Let the equation of the circle be: $$x^2+y^2+2gx+2fy+c=0$$

The point $P(5,7)$ lies on the circle then, $$5^2+7^2+10g+14f+c=0$$ $$10g+14f+c=-74$$-----(1)

The point $Q(6,6)$ lies on the circle then, $$6^2+6^2+12g+12f+c=0$$ $$12g+12f+c=-72$$-------(2)

The point $R(2,-2)$ lies on the circle the, $$2^2+(-2)^2+4g-4f+c=0$$ $$4g-4f+c=0$$-----(3).

• You get a system of 3 equations and 3 unknowns that you can solve. – Markus Oct 1 '16 at 0:29
• @ Markus, I get problem in solving those equations. Could not get the answer. – pi-π Oct 1 '16 at 0:37
• Using LinAlg and a computer to row reduce, I get $g=-7/3,f=-10/3,c=-4$. – Bobson Dugnutt Oct 1 '16 at 0:45
• "Markus, I get problem in solving those equations. Could not get the answer" What'd you try. Should be straightforward. subtract 2 from 1 and you get 2g - 2f = 2 so g - f = 1. Multiply by 4 and get 4g - 4f = 4 Plug that into 3 and you get 4+c = so c = - 4. So 10g + 14f = -70 and 12g +12f = -68. Keep going. – fleablood Oct 1 '16 at 1:08

Another way to do this is to use the geometric fact that the perpendicular bisector of a chord passes through the center of a circle. The line through P(5,7) and Q(6,6)I has slope (7- 6)/(5- 6)= -1 and midpoint (11/2, 13/2). The perpendicular bisector is y= (x- 11/2)+ 13/2)= x+ 1. The line through Q(6, 6) and R(2,−2) has slope (6-(-2))/(6- 2)= 8/4= 2 and midpoint (4, 2). The perpendicular bisector is y= -(1/2)(x- 4)+ 2= -(1/2)x+ 4.

Those two lines intersect when y= x+ 1= -(1/2)x+ 4 so (3/2)x= 3, x= 2. Then y= 2+ 1= 3. The center of this circle is (2, 3) and the radius is $\sqrt{(2- 6)^2+ (6- 3)^2}= \sqrt{25}= 5$. The equation of that circle is $(x- 2)^2+ (y- 3)^2= 25$.

As a check $(5- 2)^2+ (7- 3)^2= 9+ 16= 25$, $(6- 2)^2+ (6- 3)^2= 16+ 9= 25$, and $(2- 2)^2+ (-2- 3)^2= 0+ 25= 25$.

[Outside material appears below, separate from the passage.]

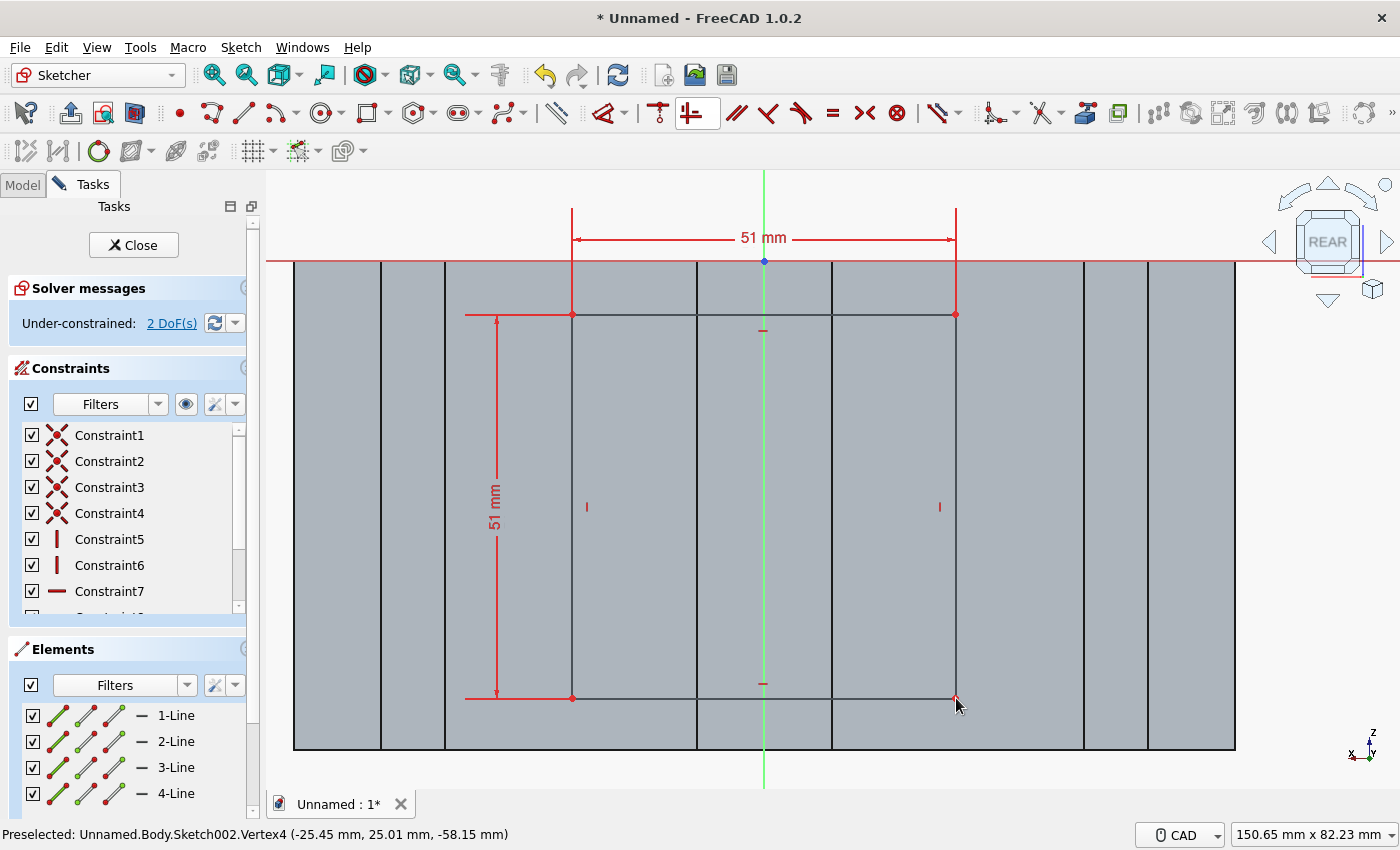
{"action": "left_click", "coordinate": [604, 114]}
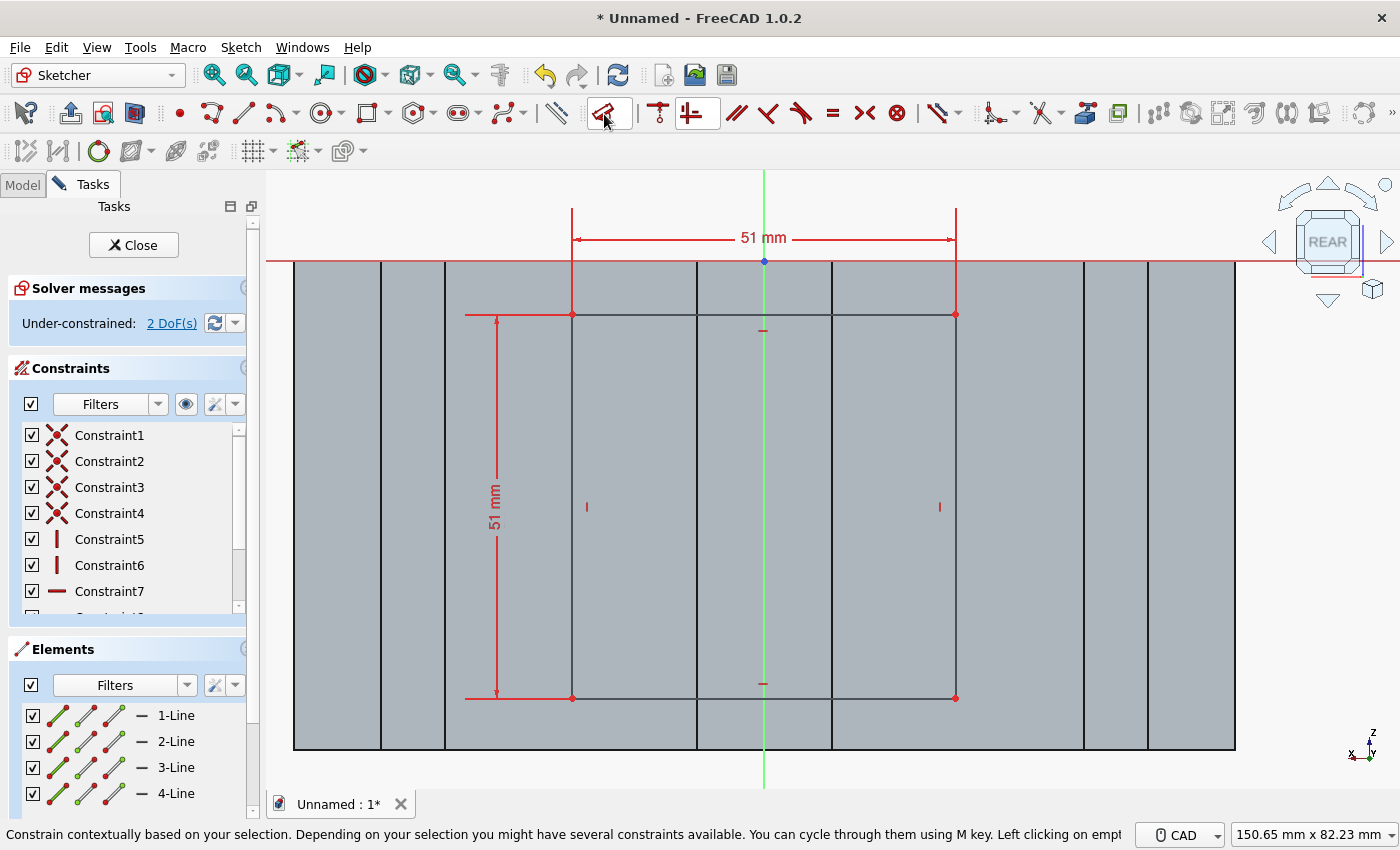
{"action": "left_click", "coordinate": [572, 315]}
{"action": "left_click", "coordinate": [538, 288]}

Subtract $2^{nd}$ equation from $3$ times the $3^{rd}$ to get

$$c-12f=36$$

Then subtract $2$ times the first from $5$ times the third to get:

$$3c-48f=148$$

From the last two, subtract $3$ times the first from the second to get $f=-10/3$. Plugging back in one them gives $c=-4$. Now pluging in one of the first three, gives $g=-7/3$.

Just a different approach: When you construct perpendicular bisectors of PQ and QR, then these lines intersect each other exactly in the center of the circle. So midpoint of PQ is $(5.5,6)$, slope of line PQ is $-1$ and perpendicular bisector is then given by: $y-6=1(x-5.5)$. Midpoint of QR is $(4,2)$, slope of line QR is $2$ and perpendicular bisector is given by $y-2=2(x-4)$. Finding the intersection of these lines is easy by solving $x-5.5+6=2(x-4)+2$. Once you have the coordinates of this intersection, you have the center of the circle and the $r^2$ (radius squared) can be found by Pythagorean theorem which in essence gives you the equation of the circle. Can you solve it from here?

Another way could be successive elimination. Considering the three equations (please, notice that your third equation is wrong) $$10g+14f+c+74=0\tag 1$$ $$12g+12f+c+72=0\tag 2$$ $$4g-4f+c+8=0\tag 3$$ From $(1)$, eliminate $$c=-14 f-10 g-74\tag 4$$ Replace in $(2)$ and $(3)$ to get $$-2 f+2 g-2=0\tag 5$$ $$10 f+14 g+74=0 \tag 6$$ From $(5)$, eliminate $$f= g-1\tag 7$$ Replace in $(6)$ $$24 g+48=0\tag 8$$ So $g=-2$ and going backwards $f=-3$ and $c=-12$.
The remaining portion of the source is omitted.